The outbreak of the coronavirus in Malaysia reached severe levels right about the time a coup overthrew (perhaps this is generous, more like feebly but nevertheless winningly jostled aside) the Pakatan Harapan government elected in 2018, so as you can expect, much ire has recently been levelled at the government. In a way, the pandemic has helped to “legitimise” the coup government. In the midst of a pandemic, you can’t very well tell the government to fuck off when your job’s suddenly in question and you’ve still got rent and utilities to pay and, oh yeah, there’s an invisible virus ravaging the city. So we’re seeing more criticisms of the government, and some of the loudest and most prolific of these voices have been those coming out of the arts and cultural sectors.

Most people working and practising in the arts can probably be considered among those SMEs and freelancers whose livelihoods are totally thrown into limbo. Many of them have always been living day to day, sale to sale, without any fat company profits or personal savings to fall back on. Add to that is the burn of being totally overlooked and slighted by the government, after Minister of Tourism, Arts, and Culture Nancy Shukri went on air and tossed off the arts sector like a parent rolling their eyes at a teenager’s bad mood — they’re fine, they’ll get over it. It’s as if the government doesn’t notice us at all! …Which is a bad thing now as we’re ass deep in a global pandemic and capitalist crisis, but desirable otherwise.

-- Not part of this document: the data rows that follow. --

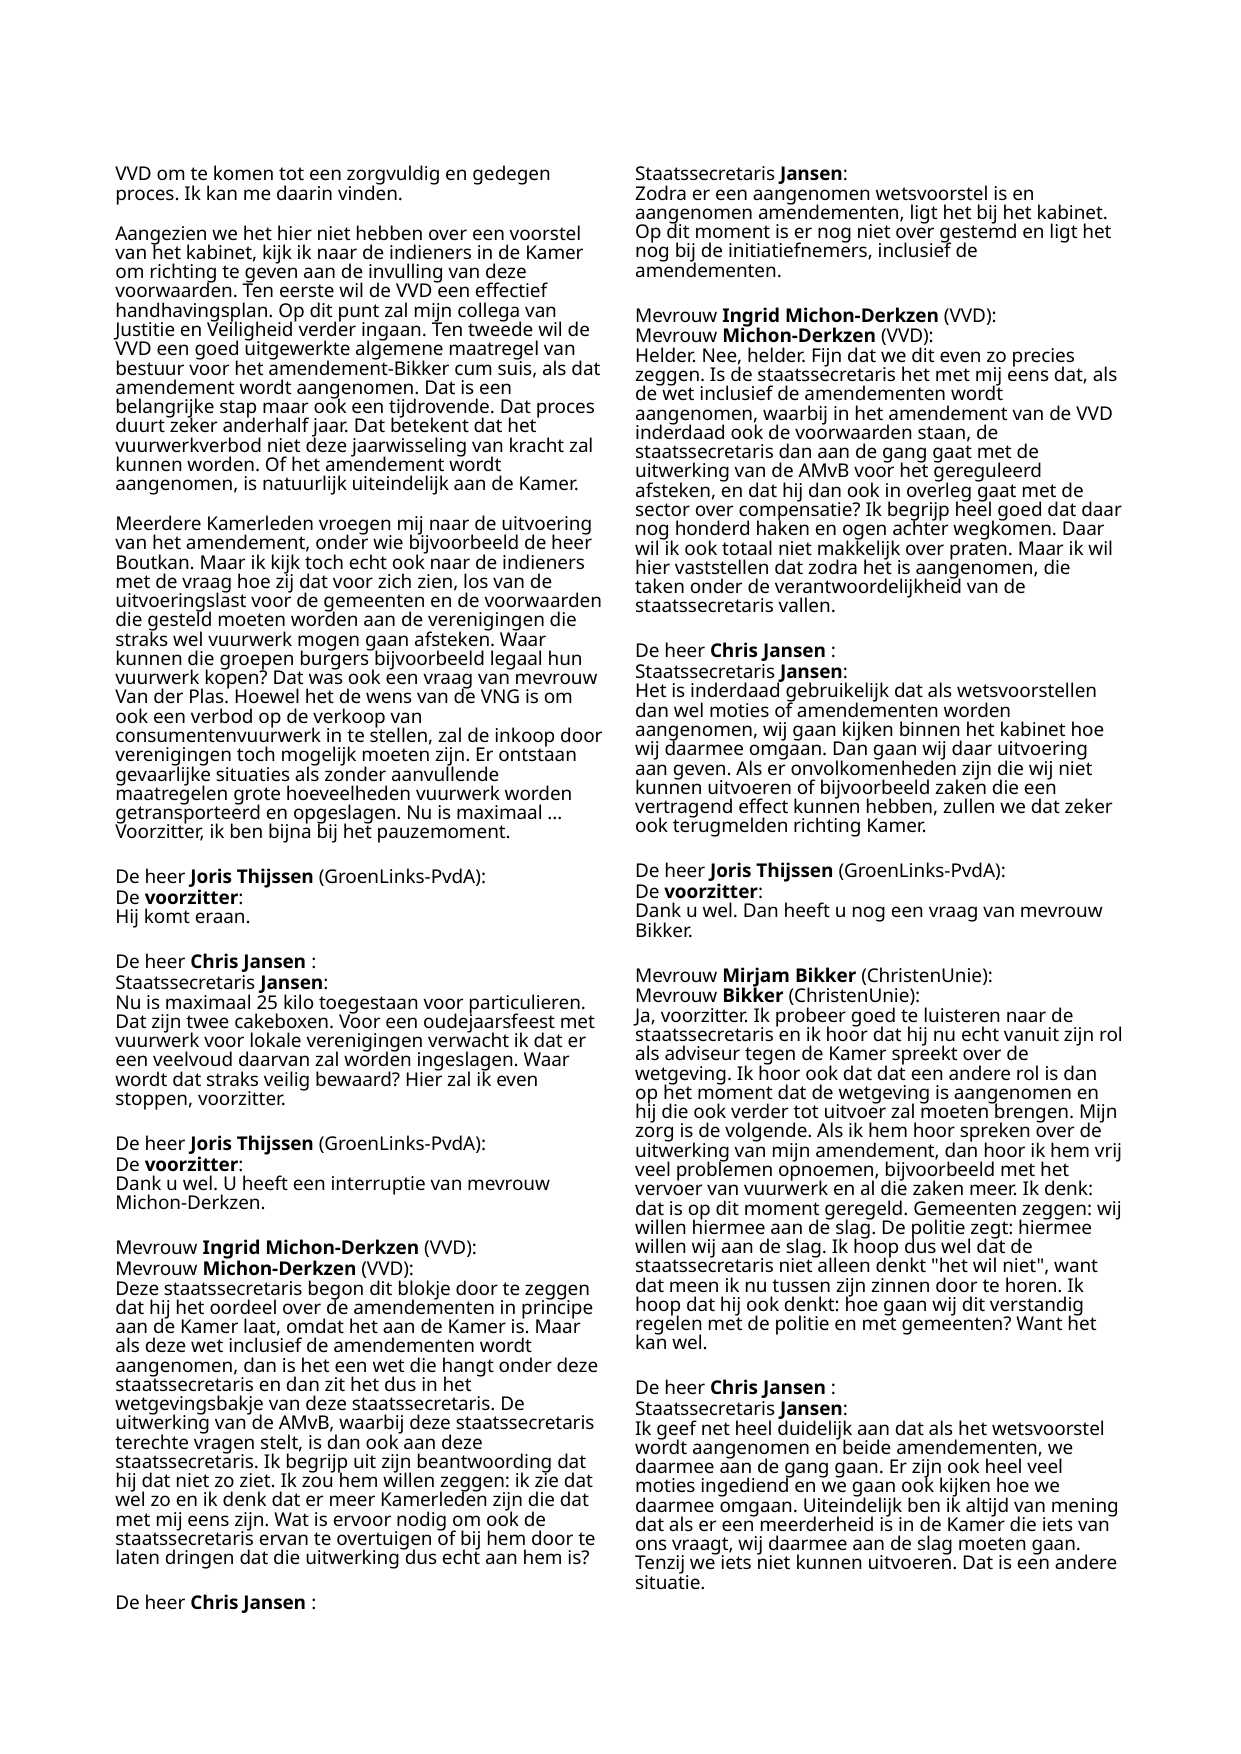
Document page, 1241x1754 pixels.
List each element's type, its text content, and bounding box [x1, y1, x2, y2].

text Staatssecretaris Jansen: [115, 974, 605, 994]
text De heer Joris Thijssen (GroenLinks-PvdA): [115, 863, 605, 889]
text Dank u wel. Dan heeft u nog een vraag van mevrouw Bikker. [635, 902, 1125, 941]
text Mevrouw Michon-Derkzen (VVD): [115, 1260, 605, 1279]
text Staatssecretaris Jansen: [635, 663, 1125, 682]
text Ja, voorzitter. Ik probeer goed te luisteren naar de staatssecretaris en ik hoor dat hij nu echt vanuit zijn rol als adviseur tegen de Kamer spreekt over de wetgeving. Ik hoor ook dat dat een andere rol is dan op het moment dat de wetgeving is aangenomen en hij die ook verder tot uitvoer zal moeten brengen. Mijn zorg is de volgende. Als ik hem hoor spreken over de uitwerking van mijn amendement, dan hoor ik hem vrij veel problemen opnoemen, bijvoorbeeld met het vervoer van vuurwerk en al die zaken meer. Ik denk: dat is op dit moment geregeld. Gemeenten zeggen: wij willen hiermee aan de slag. De politie zegt: hiermee willen wij aan de slag. Ik hoop dus wel dat de staatssecretaris niet alleen denkt "het wil niet", want dat meen ik nu tussen zijn zinnen door te horen. Ik hoop dat hij ook denkt: hoe gaan wij dit verstandig regelen met de politie en met gemeenten? Want het kan wel. [635, 1007, 1125, 1354]
text Mevrouw Ingrid Michon-Derkzen (VVD): [635, 302, 1125, 327]
text Zodra er een aangenomen wetsvoorstel is en aangenomen amendementen, ligt het bij het kabinet. Op dit moment is er nog niet over gestemd en ligt het nog bij de initiatiefnemers, inclusief de amendementen. [635, 184, 1125, 281]
text Hij komt eraan. [115, 908, 605, 928]
text Mevrouw Mirjam Bikker (ChristenUnie): [635, 962, 1125, 987]
text De heer Chris Jansen : [635, 1374, 1125, 1400]
text VVD om te komen tot een zorgvuldig en gedegen proces. Ik kan me daarin vinden. [115, 165, 605, 204]
text Nu is maximaal 25 kilo toegestaan voor particulieren. Dat zijn twee cakeboxen. Voor een oudejaarsfeest met vuurwerk voor lokale verenigingen verwacht ik dat er een veelvoud daarvan zal worden ingeslagen. Waar wordt dat straks veilig bewaard? Hier zal ik even stoppen, voorzitter. [115, 994, 605, 1109]
text Mevrouw Ingrid Michon-Derkzen (VVD): [115, 1234, 605, 1260]
text Het is inderdaad gebruikelijk dat als wetsvoorstellen dan wel moties of amendementen worden aangenomen, wij gaan kijken binnen het kabinet hoe wij daarmee omgaan. Dan gaan wij daar uitvoering aan geven. Als er onvolkomenheden zijn die wij niet kunnen uitvoeren of bijvoorbeeld zaken die een vertragend effect kunnen hebben, zullen we dat zeker ook terugmelden richting Kamer. [635, 682, 1125, 837]
text De heer Joris Thijssen (GroenLinks-PvdA): [635, 857, 1125, 883]
text Deze staatssecretaris begon dit blokje door te zeggen dat hij het oordeel over de amendementen in principe aan de Kamer laat, omdat het aan de Kamer is. Maar als deze wet inclusief de amendementen wordt aangenomen, dan is het een wet die hangt onder deze staatssecretaris en dan zit het dus in het wetgevingsbakje van deze staatssecretaris. De uitwerking van de AMvB, waarbij deze staatssecretaris terechte vragen stelt, is dan ook aan deze staatssecretaris. Ik begrijp uit zijn beantwoording dat hij dat niet zo ziet. Ik zou hem willen zeggen: ik zie dat wel zo en ik denk dat er meer Kamerleden zijn die dat met mij eens zijn. Wat is ervoor nodig om ook de staatssecretaris ervan te overtuigen of bij hem door te laten dringen dat die uitwerking dus echt aan hem is? [115, 1279, 605, 1568]
text De heer Joris Thijssen (GroenLinks-PvdA): [115, 1130, 605, 1156]
text Aangezien we het hier niet hebben over een voorstel van het kabinet, kijk ik naar de indieners in de Kamer om richting te geven aan de invulling van deze voorwaarden. Ten eerste wil de VVD een effectief handhavingsplan. Op dit punt zal mijn collega van Justitie en Veiligheid verder ingaan. Ten tweede wil de VVD een goed uitgewerkte algemene maatregel van bestuur voor het amendement-Bikker cum suis, als dat amendement wordt aangenomen. Dat is een belangrijke stap maar ook een tijdrovende. Dat proces duurt zeker anderhalf jaar. Dat betekent dat het vuurwerkverbod niet deze jaarwisseling van kracht zal kunnen worden. Of het amendement wordt aangenomen, is natuurlijk uiteindelijk aan de Kamer. [115, 224, 605, 494]
text De voorzitter: [115, 1156, 605, 1175]
text Helder. Nee, helder. Fijn dat we dit even zo precies zeggen. Is de staatssecretaris het met mij eens dat, als de wet inclusief de amendementen wordt aangenomen, waarbij in het amendement van de VVD inderdaad ook de voorwaarden staan, de staatssecretaris dan aan de gang gaat met de uitwerking van de AMvB voor het gereguleerd afsteken, en dat hij dan ook in overleg gaat met de sector over compensatie? Ik begrijp heel goed dat daar nog honderd haken en ogen achter wegkomen. Daar wil ik ook totaal niet makkelijk over praten. Maar ik wil hier vaststellen dat zodra het is aangenomen, die taken onder de verantwoordelijkheid van de staatssecretaris vallen. [635, 347, 1125, 617]
text De heer Chris Jansen : [115, 1589, 605, 1615]
text Staatssecretaris Jansen: [635, 165, 1125, 184]
text Dank u wel. U heeft een interruptie van mevrouw Michon-Derkzen. [115, 1175, 605, 1214]
text De heer Chris Jansen : [635, 637, 1125, 663]
text Meerdere Kamerleden vroegen mij naar de uitvoering van het amendement, onder wie bijvoorbeeld de heer Boutkan. Maar ik kijk toch echt ook naar de indieners met de vraag hoe zij dat voor zich zien, los van de uitvoeringslast voor de gemeenten en de voorwaarden die gesteld moeten worden aan de verenigingen die straks wel vuurwerk mogen gaan afsteken. Waar kunnen die groepen burgers bijvoorbeeld legaal hun vuurwerk kopen? Dat was ook een vraag van mevrouw Van der Plas. Hoewel het de wens van de VNG is om ook een verbod op de verkoop van consumentenvuurwerk in te stellen, zal de inkoop door verenigingen toch mogelijk moeten zijn. Er ontstaan gevaarlijke situaties als zonder aanvullende maatregelen grote hoeveelheden vuurwerk worden getransporteerd en opgeslagen. Nu is maximaal … Voorzitter, ik ben bijna bij het pauzemoment. [115, 515, 605, 843]
text Ik geef net heel duidelijk aan dat als het wetsvoorstel wordt aangenomen en beide amendementen, we daarmee aan de gang gaan. Er zijn ook heel veel moties ingediend en we gaan ook kijken hoe we daarmee omgaan. Uiteindelijk ben ik altijd van mening dat als er een meerderheid is in de Kamer die iets van ons vraagt, wij daarmee aan de slag moeten gaan. Tenzij we iets niet kunnen uitvoeren. Dat is een andere situatie. [635, 1419, 1125, 1593]
text De voorzitter: [115, 889, 605, 908]
text De voorzitter: [635, 883, 1125, 902]
text De heer Chris Jansen : [115, 949, 605, 974]
text Staatssecretaris Jansen: [635, 1400, 1125, 1419]
text Mevrouw Michon-Derkzen (VVD): [635, 327, 1125, 347]
text Mevrouw Bikker (ChristenUnie): [635, 987, 1125, 1007]

This is a terrible time for the individual, and societies all over the globe are handing their lives over to their governments for protection (except for the US where many insist on “protesting” for their individual entitlements). But are we really sure that what we want is increased government involvement with the arts?

Recently, Datuk Ramli Ibrahim of Sutra Foundation published a widely-shared piece on the Malay Mail titled, ‘Fixing arts and culture 2020,’ in which he proposes the establishment of a Malaysian Arts Council, like they have in England. It is a very detailed article, not only calling for the establishment of an Arts Council but also stipulating its conditions and diagnosing current flaws in the way our government funds and organises arts and culture.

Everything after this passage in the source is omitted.